When I have this angle, I want my camera to be x units away from the character, no matter the angle. How can I calculate a vector3 with this input?
Could you please also tell me how I represent this distance between the camera and the character (int, vector3,…)?
If X is the longitudinal angle (0 to 360) and Y is the latitudinal (-90 to +90), you could:
camera.transform.position = player.transform.position + Quaternion.Euler(Y,X,0);
You probably also want:
Also note that X should keep going past 0 and 360 when the user move the mouse further.
There is already a camera script in Standard Assets for this (MouseOrbit).

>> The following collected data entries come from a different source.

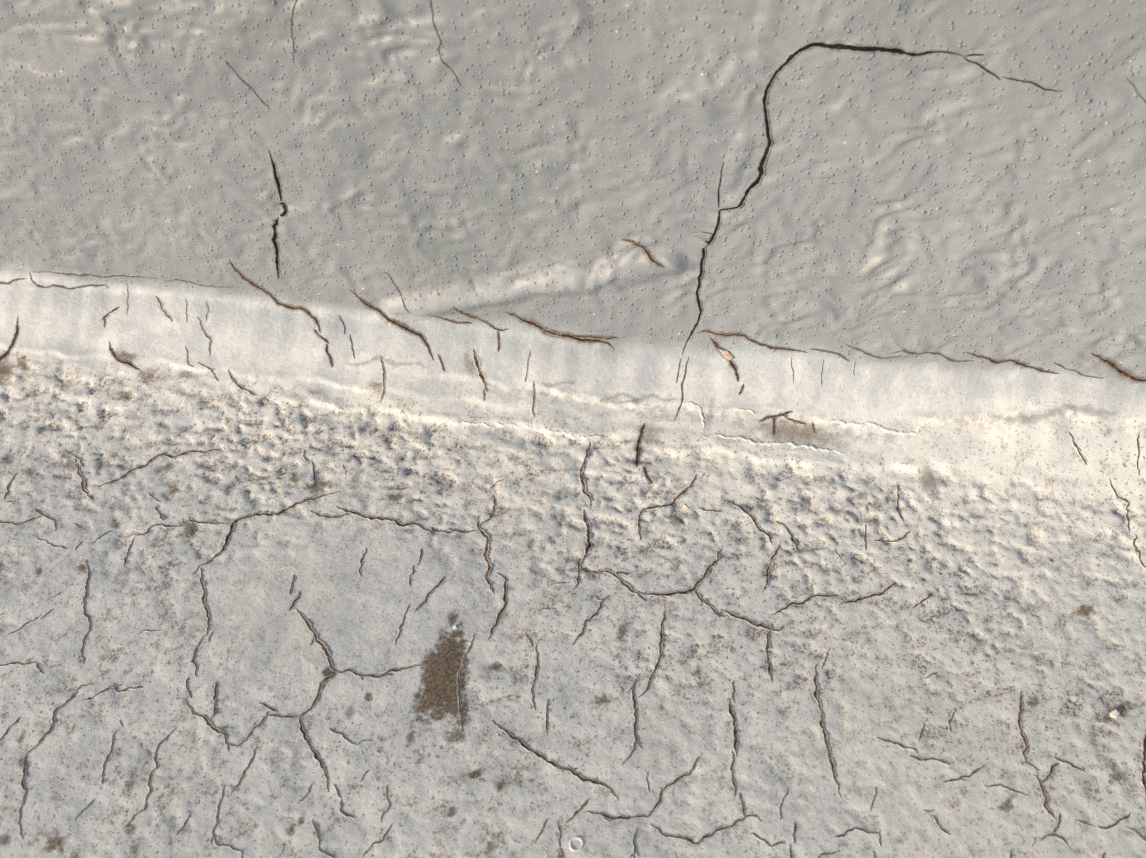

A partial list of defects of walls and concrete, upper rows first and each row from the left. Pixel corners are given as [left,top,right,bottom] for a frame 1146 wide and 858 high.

crack [0,150,618,418]
crack [621,239,665,268]
crack [674,40,1146,420]
crack [0,449,508,858]
crack [490,423,895,858]
crack [760,411,815,435]
crack [834,485,910,565]
crack [912,593,959,613]
crack [1068,432,1146,569]
crack [877,691,1146,858]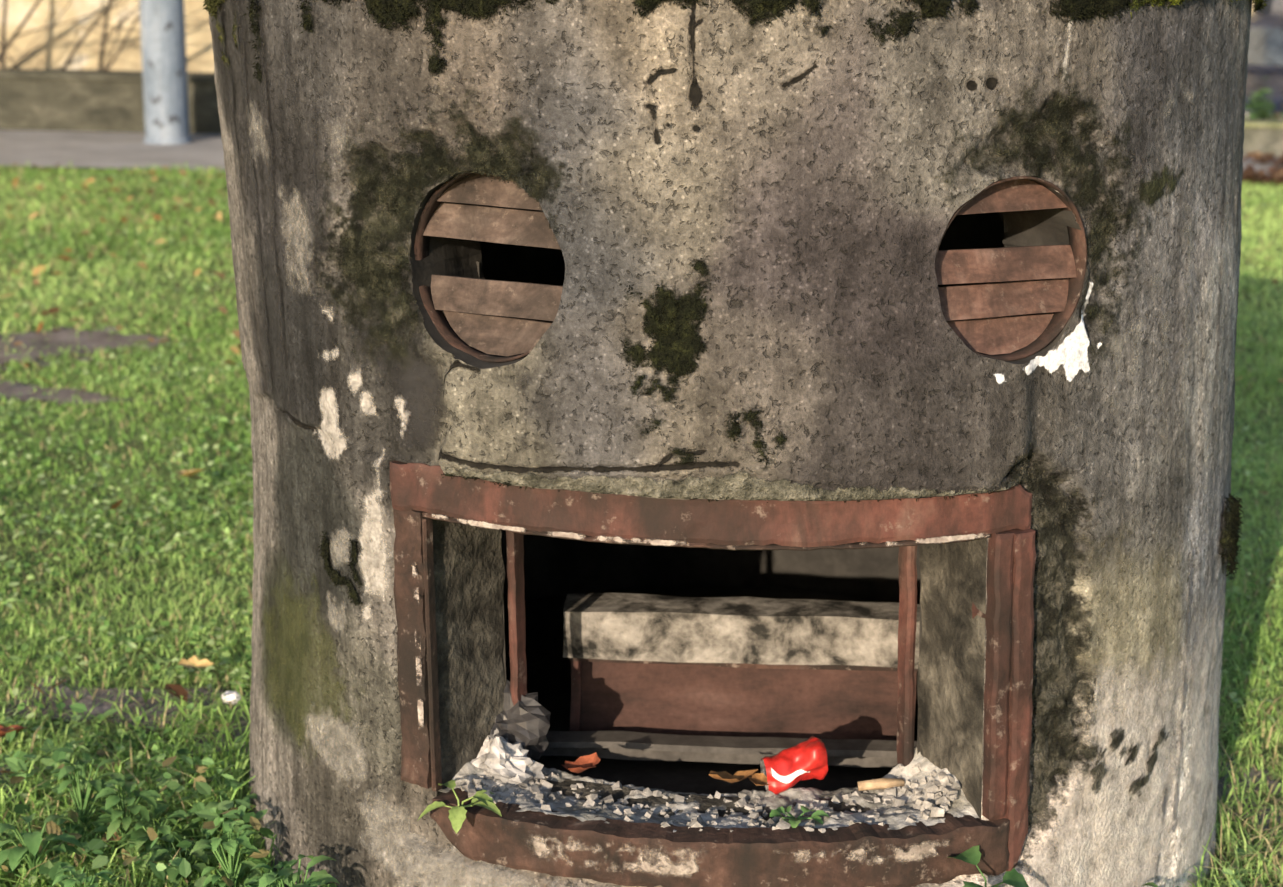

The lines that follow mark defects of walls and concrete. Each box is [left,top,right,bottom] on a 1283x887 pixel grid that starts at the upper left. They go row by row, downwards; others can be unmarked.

spalling [936,70,1151,366]
water stain [320,389,347,459]
water stain [350,373,375,414]
water stain [357,323,446,447]
water stain [1021,554,1224,887]
water stain [984,874,1007,887]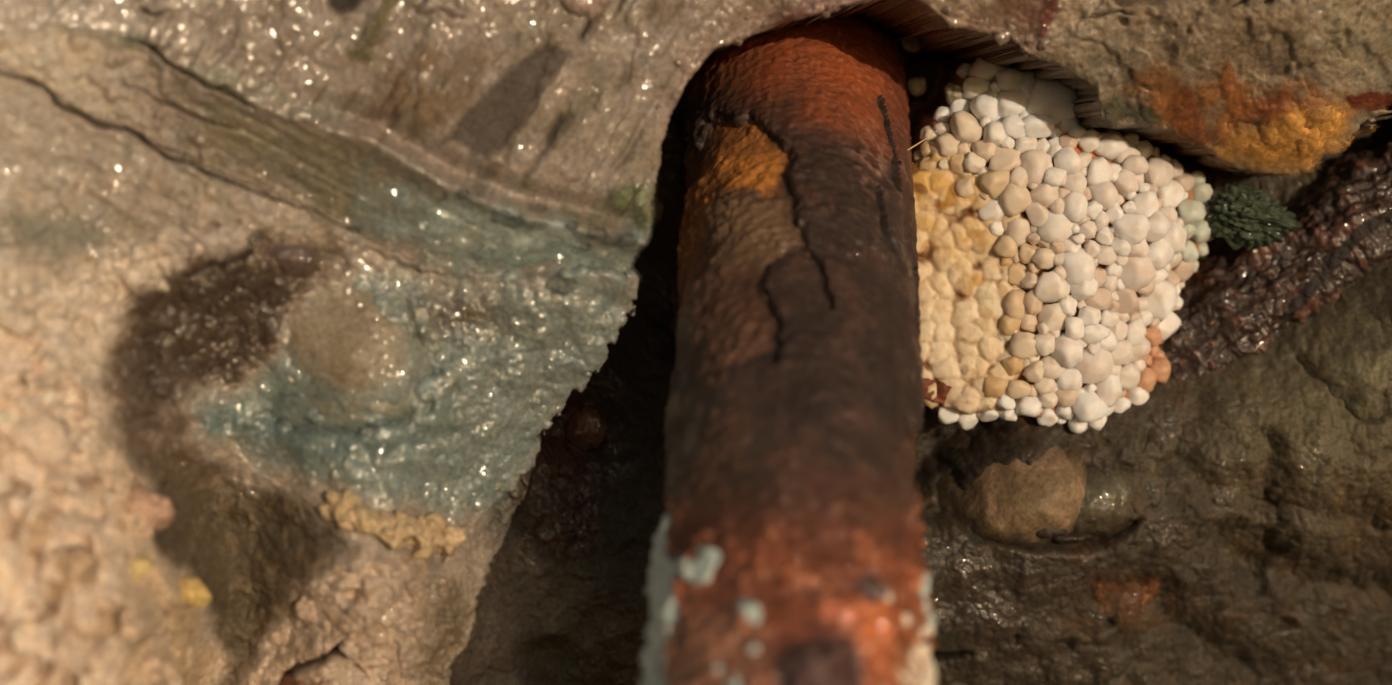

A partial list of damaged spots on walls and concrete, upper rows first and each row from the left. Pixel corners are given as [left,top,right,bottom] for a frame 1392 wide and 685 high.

crack [1,73,307,210]
crack [111,7,256,131]
spalling [650,0,1050,228]
damp [1095,96,1160,128]
rust [1137,64,1328,145]
rust [1346,93,1392,111]
rust [1158,137,1392,384]
spalling [902,389,1392,685]
peeling [737,599,761,624]
rust [773,569,889,685]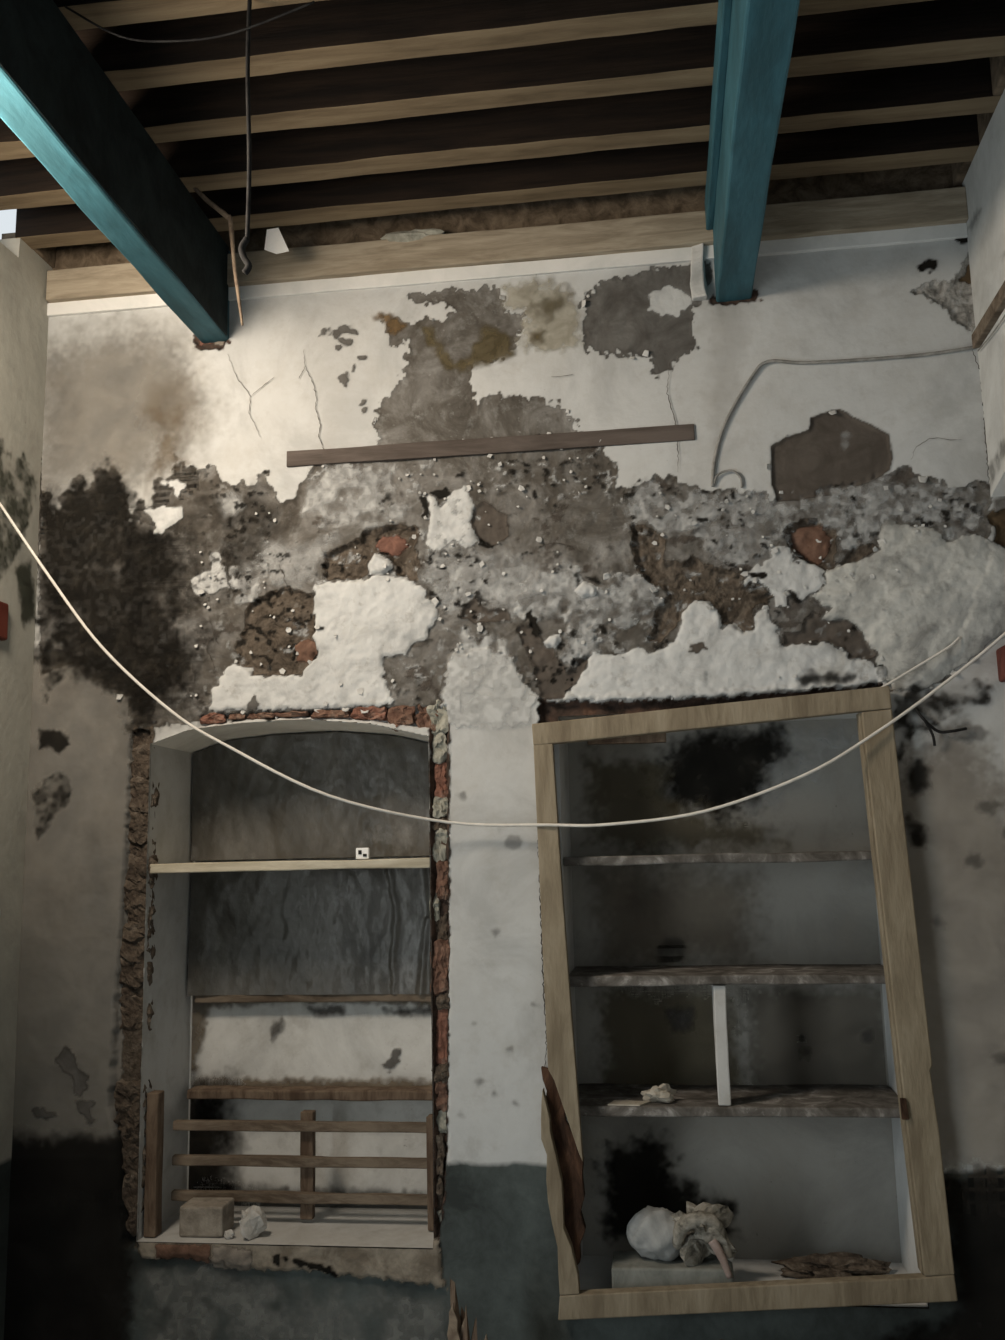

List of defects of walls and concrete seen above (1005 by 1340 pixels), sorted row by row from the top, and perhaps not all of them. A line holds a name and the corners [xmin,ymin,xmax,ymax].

If you subtract the camera position from the player’s position, the result is a vector indicating the direction camera->player, and its magnitude will be the distance between their pivots (positions). Supposing cam and player are variables containing the camera and player transforms:
var vCam:Vector3 = player.position - cam.position; // vector camera->player
var dist:float = vCam.magnitude; // distance between camera and player
Or, if you want to get a position at dist distance from the player, and rotated V degrees in the vertical plane and H degrees in the horizontal plane, you can do:
var vCam:Vector3 = Quaternion.Euler(V,H,0) * -Vector3.forward;
cam.position = player.position - vCam * distance;
This rotates Vector3.forward V and H degrees as specified above, and place the camera at the distance dist in that direction.
NOTE: depending on the reference you have, you may find the V angle going in the opposite direction; if it happens, use -V instead. The same applies to the H angle - if you expect it to go clockwise, but it goes counter-clockwise, use -H.